* _What is being asked_
What you give back must match the data exactly, minus the pictures.

* _Given records_
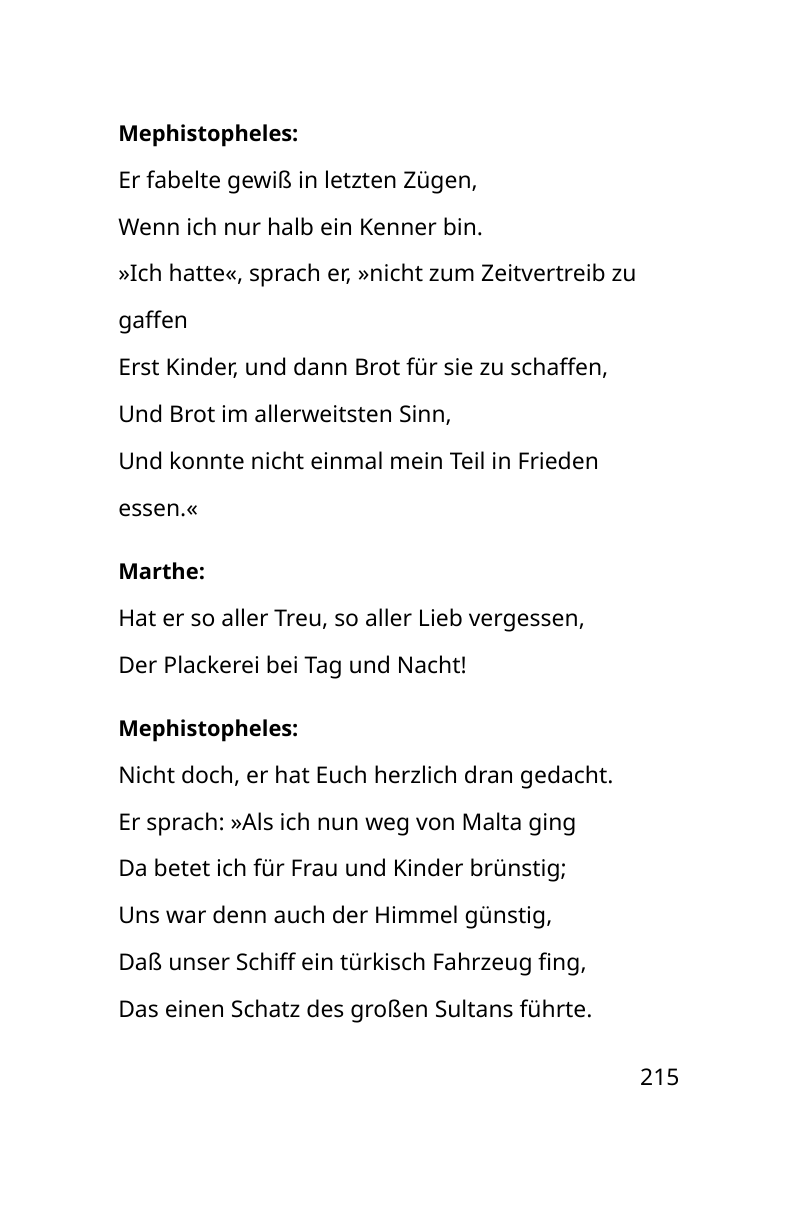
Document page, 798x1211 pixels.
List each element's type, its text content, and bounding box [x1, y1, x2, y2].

text Mephistopheles: Nicht doch, er hat Euch herzlich dran gedacht. Er sprach: »Als ich nun weg von Malta ging Da betet ich für Frau und Kinder brünstig; Uns war denn auch der Himmel günstig, Daß unser Schiff ein türkisch Fahrzeug fing, Das einen Schatz des großen Sultans führte. [118, 713, 679, 1024]
text Marthe: Hat er so aller Treu, so aller Lieb vergessen, Der Plackerei bei Tag und Nacht! [118, 556, 679, 680]
text Mephistopheles: Er fabelte gewiß in letzten Zügen, Wenn ich nur halb ein Kenner bin. »Ich hatte«, sprach er, »nicht zum Zeitvertreib zu gaffen Erst Kinder, und dann Brot für sie zu schaffen, Und Brot im allerweitsten Sinn, Und konnte nicht einmal mein Teil in Frieden essen.« [118, 118, 679, 523]

* _Solution to the exercise_
Document page, 798x1211 pixels.
List each element's type, its text content, and bounding box [x1, y1, x2, y2].

text Mephistopheles: Nicht doch, er hat Euch herzlich dran gedacht. Er sprach: »Als ich nun weg von Malta ging Da betet ich für Frau und Kinder brünstig; Uns war denn auch der Himmel günstig, Daß unser Schiff ein türkisch Fahrzeug fing, Das einen Schatz des großen Sultans führte. [118, 713, 679, 1024]
text Marthe: Hat er so aller Treu, so aller Lieb vergessen, Der Plackerei bei Tag und Nacht! [118, 556, 679, 680]
text Mephistopheles: Er fabelte gewiß in letzten Zügen, Wenn ich nur halb ein Kenner bin. »Ich hatte«, sprach er, »nicht zum Zeitvertreib zu gaffen Erst Kinder, und dann Brot für sie zu schaffen, Und Brot im allerweitsten Sinn, Und konnte nicht einmal mein Teil in Frieden essen.« [118, 118, 679, 523]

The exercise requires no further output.